Required work:
All that is wanted is the exact lines from the first line of the data below through the line with "2. chili pepper [548,297,639,479]", both ends included, with pictures omitted.

[Stored items]

%%

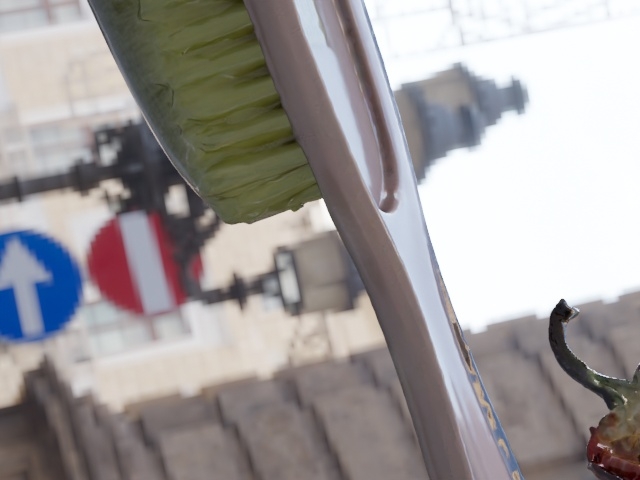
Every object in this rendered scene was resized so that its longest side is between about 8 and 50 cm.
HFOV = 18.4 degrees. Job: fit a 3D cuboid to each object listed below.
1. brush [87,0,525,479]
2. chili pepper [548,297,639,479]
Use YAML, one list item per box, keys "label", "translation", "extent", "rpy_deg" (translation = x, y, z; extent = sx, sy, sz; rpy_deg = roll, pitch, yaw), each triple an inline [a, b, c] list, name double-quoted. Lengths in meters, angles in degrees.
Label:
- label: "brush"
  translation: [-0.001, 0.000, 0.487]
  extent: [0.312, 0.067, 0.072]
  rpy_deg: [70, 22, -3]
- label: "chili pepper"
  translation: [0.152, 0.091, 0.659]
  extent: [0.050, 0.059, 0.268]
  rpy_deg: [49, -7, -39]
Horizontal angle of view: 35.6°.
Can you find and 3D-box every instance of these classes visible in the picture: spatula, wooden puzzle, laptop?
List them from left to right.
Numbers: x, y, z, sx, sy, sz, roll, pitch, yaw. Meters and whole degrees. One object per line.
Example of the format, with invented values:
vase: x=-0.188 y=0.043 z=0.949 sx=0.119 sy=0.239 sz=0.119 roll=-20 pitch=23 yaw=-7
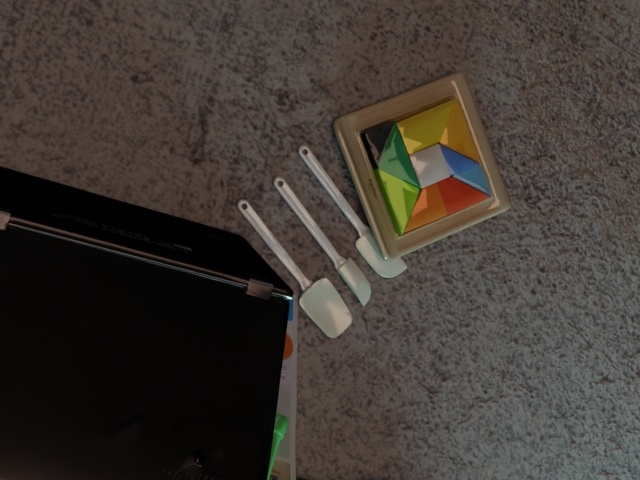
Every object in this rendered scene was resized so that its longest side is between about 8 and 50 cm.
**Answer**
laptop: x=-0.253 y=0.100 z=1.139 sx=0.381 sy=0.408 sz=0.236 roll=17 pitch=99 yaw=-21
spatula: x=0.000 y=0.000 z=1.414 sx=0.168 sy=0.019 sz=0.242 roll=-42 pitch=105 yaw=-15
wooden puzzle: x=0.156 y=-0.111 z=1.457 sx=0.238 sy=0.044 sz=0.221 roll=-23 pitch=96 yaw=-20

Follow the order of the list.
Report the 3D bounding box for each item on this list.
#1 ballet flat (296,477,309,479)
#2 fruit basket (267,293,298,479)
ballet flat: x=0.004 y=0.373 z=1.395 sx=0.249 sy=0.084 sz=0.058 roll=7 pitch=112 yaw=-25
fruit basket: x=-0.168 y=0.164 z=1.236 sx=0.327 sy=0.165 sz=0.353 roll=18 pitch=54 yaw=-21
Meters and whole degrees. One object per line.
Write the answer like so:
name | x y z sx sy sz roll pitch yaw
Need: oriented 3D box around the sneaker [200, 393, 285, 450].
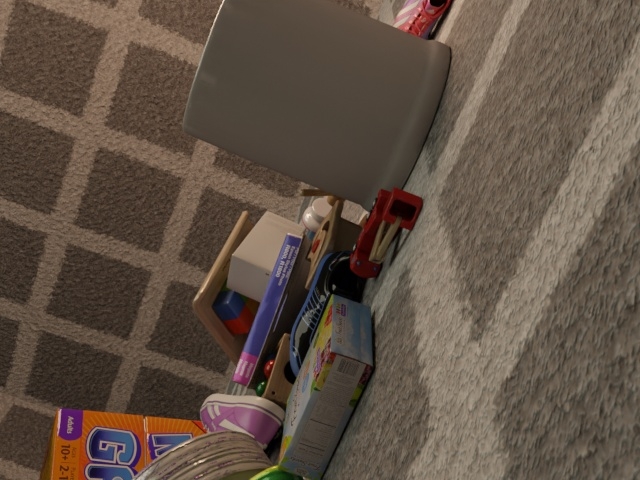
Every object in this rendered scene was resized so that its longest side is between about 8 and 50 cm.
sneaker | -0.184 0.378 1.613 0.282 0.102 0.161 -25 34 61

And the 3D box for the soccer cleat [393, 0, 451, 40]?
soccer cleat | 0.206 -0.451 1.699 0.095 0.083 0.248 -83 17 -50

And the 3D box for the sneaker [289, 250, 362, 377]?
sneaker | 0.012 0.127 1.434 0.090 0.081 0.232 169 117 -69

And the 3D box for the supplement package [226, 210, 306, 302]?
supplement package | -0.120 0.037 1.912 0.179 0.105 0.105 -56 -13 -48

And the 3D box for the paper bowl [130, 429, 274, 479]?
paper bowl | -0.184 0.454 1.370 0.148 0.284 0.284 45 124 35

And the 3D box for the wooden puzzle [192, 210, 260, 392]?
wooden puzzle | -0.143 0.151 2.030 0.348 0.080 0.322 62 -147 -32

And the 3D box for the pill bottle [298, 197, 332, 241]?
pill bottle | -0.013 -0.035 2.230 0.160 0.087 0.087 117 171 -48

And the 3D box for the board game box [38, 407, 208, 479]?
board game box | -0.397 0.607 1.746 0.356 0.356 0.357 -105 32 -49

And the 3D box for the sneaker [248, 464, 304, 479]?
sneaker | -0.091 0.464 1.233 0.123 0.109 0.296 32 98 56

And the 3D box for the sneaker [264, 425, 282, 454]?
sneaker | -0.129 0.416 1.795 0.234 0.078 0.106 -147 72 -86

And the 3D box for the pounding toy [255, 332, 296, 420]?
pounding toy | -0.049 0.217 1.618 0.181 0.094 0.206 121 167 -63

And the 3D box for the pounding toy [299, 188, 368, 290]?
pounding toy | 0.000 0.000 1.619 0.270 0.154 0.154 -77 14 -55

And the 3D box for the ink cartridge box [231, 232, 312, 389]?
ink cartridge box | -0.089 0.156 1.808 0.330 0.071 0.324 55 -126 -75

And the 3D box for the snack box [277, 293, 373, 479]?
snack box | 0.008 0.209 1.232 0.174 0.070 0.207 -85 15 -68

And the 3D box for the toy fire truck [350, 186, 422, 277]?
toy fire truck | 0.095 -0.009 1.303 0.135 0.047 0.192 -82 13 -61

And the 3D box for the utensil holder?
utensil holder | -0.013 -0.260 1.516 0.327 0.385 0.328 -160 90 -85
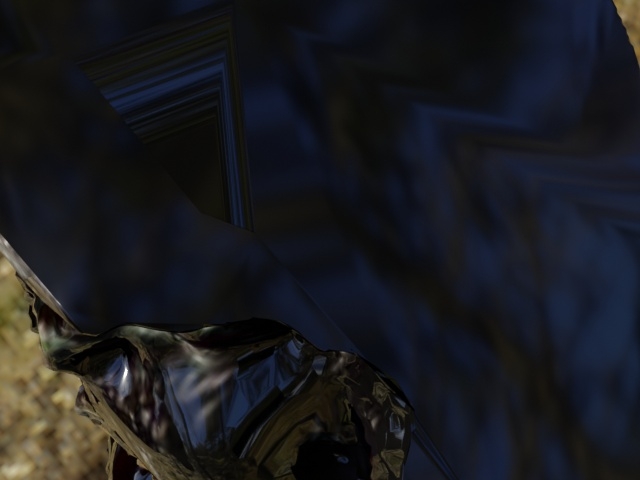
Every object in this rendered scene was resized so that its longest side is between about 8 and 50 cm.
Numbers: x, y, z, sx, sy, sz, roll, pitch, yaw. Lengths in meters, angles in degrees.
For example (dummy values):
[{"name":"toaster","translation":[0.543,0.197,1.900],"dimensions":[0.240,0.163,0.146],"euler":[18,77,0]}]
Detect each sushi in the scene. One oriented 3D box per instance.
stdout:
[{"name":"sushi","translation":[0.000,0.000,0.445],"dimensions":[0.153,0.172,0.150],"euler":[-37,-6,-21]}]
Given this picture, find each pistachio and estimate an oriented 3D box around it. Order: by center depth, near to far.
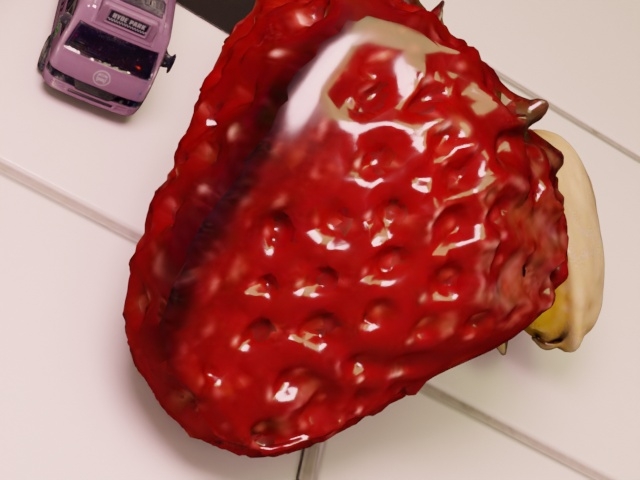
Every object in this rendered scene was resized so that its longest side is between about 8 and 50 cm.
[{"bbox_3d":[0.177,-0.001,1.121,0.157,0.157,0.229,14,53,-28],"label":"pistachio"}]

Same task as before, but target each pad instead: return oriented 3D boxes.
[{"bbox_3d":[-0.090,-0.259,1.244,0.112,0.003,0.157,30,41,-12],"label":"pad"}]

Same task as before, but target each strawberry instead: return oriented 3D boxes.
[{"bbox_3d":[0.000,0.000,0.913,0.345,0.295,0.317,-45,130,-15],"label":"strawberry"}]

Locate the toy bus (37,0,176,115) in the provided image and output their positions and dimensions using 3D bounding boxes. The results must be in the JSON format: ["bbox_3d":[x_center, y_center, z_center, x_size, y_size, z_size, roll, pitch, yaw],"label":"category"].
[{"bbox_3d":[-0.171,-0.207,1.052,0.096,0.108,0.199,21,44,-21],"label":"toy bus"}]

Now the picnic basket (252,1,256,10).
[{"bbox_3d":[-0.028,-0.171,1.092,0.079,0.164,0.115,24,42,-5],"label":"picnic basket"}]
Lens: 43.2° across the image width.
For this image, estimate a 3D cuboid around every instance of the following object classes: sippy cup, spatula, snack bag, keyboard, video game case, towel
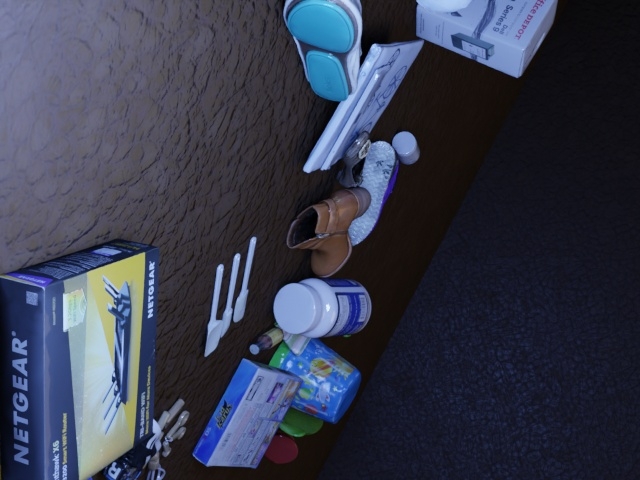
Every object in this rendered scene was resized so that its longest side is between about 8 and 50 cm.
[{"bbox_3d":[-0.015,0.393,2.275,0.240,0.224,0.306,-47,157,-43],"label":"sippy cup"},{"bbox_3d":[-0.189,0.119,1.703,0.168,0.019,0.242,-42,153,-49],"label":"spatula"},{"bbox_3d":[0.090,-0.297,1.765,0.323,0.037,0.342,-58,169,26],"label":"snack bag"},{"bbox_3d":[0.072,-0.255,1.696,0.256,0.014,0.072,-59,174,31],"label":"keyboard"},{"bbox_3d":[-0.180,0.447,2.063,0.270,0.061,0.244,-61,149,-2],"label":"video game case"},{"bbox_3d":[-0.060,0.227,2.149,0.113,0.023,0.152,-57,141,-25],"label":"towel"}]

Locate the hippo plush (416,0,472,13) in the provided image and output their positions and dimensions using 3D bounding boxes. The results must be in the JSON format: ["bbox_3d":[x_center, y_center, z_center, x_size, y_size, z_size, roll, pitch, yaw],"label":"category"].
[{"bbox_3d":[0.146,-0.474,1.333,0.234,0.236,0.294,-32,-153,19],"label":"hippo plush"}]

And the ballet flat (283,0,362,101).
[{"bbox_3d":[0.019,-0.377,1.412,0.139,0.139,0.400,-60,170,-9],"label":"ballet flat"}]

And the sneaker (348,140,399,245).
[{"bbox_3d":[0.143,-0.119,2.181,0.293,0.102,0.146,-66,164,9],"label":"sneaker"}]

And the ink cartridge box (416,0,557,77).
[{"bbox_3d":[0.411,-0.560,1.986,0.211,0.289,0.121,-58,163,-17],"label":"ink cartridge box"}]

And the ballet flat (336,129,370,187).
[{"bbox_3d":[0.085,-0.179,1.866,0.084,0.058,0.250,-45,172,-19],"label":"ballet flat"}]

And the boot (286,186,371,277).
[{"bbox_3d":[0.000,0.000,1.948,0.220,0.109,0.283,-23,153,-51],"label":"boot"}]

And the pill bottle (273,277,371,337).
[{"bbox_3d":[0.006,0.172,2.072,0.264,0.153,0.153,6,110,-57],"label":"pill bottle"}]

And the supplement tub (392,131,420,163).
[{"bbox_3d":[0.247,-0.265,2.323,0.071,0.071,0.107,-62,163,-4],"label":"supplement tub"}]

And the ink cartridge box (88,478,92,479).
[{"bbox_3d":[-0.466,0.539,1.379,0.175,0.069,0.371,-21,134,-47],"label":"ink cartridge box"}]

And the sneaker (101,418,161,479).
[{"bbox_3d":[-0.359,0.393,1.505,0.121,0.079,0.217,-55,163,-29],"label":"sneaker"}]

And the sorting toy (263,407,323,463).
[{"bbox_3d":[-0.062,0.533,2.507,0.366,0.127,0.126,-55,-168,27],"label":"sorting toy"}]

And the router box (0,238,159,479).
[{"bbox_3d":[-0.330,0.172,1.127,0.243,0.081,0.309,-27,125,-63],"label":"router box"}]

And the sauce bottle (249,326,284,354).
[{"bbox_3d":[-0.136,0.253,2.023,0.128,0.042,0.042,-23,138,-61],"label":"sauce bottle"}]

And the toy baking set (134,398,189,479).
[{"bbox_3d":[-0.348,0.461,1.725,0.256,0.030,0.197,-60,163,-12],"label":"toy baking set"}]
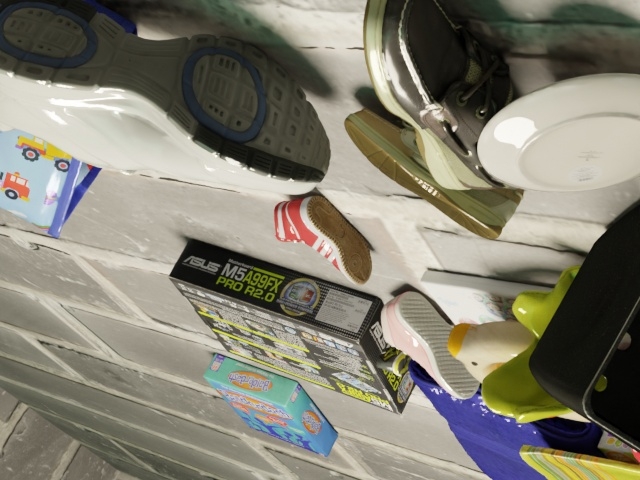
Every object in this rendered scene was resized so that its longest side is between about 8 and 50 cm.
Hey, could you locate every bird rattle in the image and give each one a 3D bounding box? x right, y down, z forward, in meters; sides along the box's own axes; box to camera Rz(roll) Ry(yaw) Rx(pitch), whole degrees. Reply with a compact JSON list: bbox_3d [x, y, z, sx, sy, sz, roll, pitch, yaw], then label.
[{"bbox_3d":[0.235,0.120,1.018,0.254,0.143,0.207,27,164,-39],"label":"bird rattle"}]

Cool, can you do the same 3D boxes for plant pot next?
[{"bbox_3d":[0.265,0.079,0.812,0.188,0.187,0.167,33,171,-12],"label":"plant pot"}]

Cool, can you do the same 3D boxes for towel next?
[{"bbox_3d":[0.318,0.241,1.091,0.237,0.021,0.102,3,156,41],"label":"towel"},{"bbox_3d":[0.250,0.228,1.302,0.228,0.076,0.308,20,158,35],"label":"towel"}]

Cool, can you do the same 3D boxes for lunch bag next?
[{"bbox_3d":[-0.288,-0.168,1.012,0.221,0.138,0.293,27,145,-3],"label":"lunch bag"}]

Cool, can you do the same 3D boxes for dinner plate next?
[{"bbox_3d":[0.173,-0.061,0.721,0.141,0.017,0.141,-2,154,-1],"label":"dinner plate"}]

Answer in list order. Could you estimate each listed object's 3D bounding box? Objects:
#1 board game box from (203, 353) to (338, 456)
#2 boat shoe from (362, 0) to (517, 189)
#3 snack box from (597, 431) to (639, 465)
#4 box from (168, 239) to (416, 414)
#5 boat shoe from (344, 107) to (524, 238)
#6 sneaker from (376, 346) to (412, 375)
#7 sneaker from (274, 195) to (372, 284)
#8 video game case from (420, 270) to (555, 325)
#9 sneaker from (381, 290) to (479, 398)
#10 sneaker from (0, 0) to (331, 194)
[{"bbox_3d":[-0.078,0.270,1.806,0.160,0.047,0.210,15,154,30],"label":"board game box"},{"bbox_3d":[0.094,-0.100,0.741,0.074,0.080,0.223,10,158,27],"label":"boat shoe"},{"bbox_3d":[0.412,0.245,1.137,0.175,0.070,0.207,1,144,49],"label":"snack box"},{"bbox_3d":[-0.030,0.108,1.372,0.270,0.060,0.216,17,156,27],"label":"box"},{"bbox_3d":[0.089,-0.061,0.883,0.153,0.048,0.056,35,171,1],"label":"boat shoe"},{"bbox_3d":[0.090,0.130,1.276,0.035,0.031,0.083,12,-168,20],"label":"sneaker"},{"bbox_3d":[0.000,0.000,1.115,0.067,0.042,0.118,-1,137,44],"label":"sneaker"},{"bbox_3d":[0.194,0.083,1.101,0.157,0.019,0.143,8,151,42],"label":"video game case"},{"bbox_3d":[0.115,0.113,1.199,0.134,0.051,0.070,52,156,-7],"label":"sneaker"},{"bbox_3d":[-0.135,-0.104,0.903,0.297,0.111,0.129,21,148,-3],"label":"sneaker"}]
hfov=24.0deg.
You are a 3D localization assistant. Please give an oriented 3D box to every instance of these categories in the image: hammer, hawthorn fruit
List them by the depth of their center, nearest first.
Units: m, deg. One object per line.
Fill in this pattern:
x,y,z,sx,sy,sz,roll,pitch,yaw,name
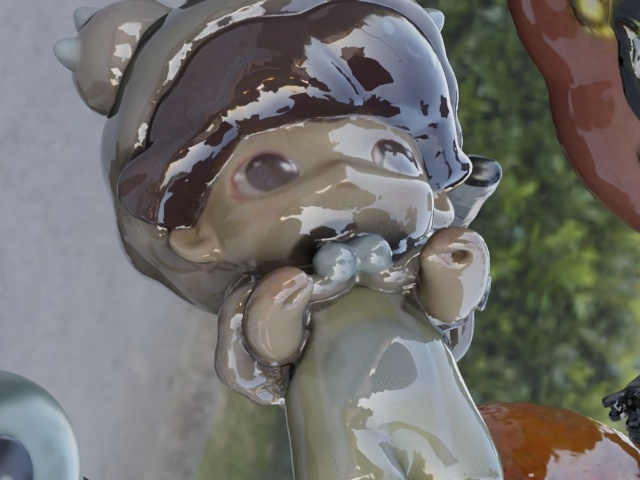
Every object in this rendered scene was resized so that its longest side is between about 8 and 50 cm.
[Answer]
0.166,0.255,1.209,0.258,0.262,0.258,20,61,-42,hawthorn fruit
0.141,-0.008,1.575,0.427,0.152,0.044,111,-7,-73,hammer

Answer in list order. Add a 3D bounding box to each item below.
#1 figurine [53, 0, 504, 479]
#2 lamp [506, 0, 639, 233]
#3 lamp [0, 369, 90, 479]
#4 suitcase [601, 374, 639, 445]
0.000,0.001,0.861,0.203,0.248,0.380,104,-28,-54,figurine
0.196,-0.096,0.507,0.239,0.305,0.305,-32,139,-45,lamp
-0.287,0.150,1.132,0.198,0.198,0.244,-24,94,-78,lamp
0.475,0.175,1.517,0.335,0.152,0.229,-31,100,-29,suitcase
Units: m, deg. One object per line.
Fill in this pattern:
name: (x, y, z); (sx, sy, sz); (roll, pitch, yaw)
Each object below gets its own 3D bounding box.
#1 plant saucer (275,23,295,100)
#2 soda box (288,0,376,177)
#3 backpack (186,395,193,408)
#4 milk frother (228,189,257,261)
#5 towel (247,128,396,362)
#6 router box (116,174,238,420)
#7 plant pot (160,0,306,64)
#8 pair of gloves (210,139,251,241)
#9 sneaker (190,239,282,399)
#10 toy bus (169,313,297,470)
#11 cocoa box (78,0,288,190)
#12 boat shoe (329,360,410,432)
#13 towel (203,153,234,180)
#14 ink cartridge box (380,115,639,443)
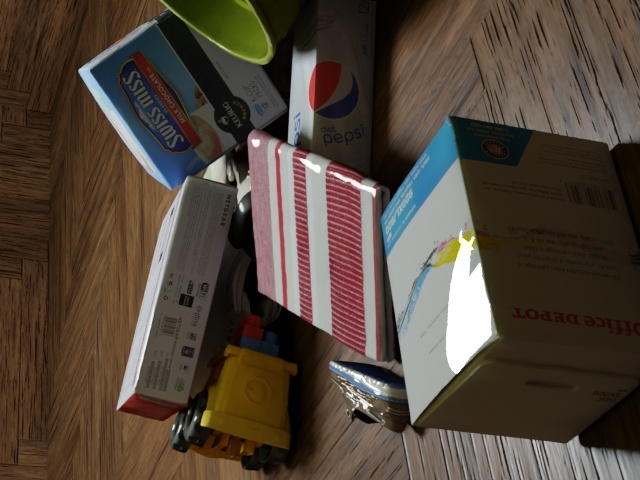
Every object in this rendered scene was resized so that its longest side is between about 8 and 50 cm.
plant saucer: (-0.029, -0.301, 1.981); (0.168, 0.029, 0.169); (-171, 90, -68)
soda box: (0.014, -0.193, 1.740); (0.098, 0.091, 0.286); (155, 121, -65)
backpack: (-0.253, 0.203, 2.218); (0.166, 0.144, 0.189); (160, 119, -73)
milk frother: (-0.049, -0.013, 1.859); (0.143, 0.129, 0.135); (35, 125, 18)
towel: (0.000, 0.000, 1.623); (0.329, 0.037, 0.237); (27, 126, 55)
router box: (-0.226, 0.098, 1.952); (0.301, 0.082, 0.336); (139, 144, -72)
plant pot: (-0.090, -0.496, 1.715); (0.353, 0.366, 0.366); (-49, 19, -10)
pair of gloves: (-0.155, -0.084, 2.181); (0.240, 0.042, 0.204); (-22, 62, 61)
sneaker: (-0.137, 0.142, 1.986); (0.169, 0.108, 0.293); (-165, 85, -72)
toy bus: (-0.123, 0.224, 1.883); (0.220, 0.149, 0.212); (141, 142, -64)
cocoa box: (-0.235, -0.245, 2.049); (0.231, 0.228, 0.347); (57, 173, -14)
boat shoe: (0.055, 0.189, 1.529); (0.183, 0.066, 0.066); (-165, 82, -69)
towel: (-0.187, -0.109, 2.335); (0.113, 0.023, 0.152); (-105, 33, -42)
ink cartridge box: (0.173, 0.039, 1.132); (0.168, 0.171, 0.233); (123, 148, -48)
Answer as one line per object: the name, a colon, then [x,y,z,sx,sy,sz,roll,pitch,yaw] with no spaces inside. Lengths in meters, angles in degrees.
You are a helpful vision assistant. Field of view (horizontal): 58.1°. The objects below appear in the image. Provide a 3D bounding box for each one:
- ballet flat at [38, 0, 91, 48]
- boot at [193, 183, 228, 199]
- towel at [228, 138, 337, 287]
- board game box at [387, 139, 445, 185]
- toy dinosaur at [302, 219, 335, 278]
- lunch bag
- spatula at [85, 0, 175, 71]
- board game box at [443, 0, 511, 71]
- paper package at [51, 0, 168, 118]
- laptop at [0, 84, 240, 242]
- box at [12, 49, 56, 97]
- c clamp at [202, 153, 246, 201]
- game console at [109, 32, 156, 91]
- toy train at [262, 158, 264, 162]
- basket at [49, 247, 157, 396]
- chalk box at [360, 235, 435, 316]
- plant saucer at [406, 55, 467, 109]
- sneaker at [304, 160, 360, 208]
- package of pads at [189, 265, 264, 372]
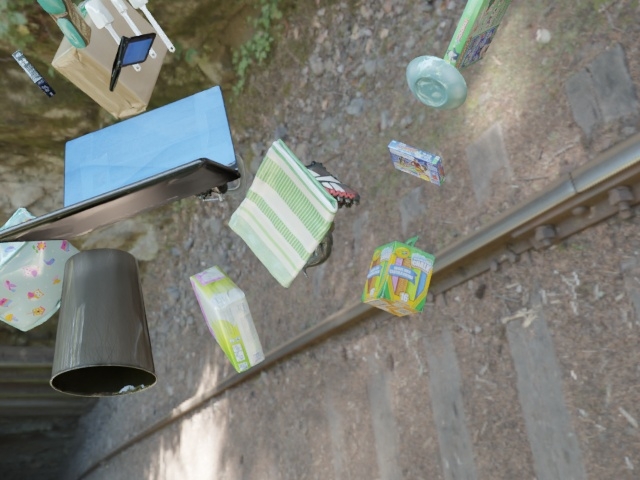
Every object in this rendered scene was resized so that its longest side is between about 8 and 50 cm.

%%

Your solution:
Every object in this rendered scene was resized so that its longest side is between about 8 and 50 cm.
HFOV = 18.4 degrees. Job: fit a 3D cuboid to each object listed below.
1. brush [87,0,525,479]
2. chili pepper [548,297,639,479]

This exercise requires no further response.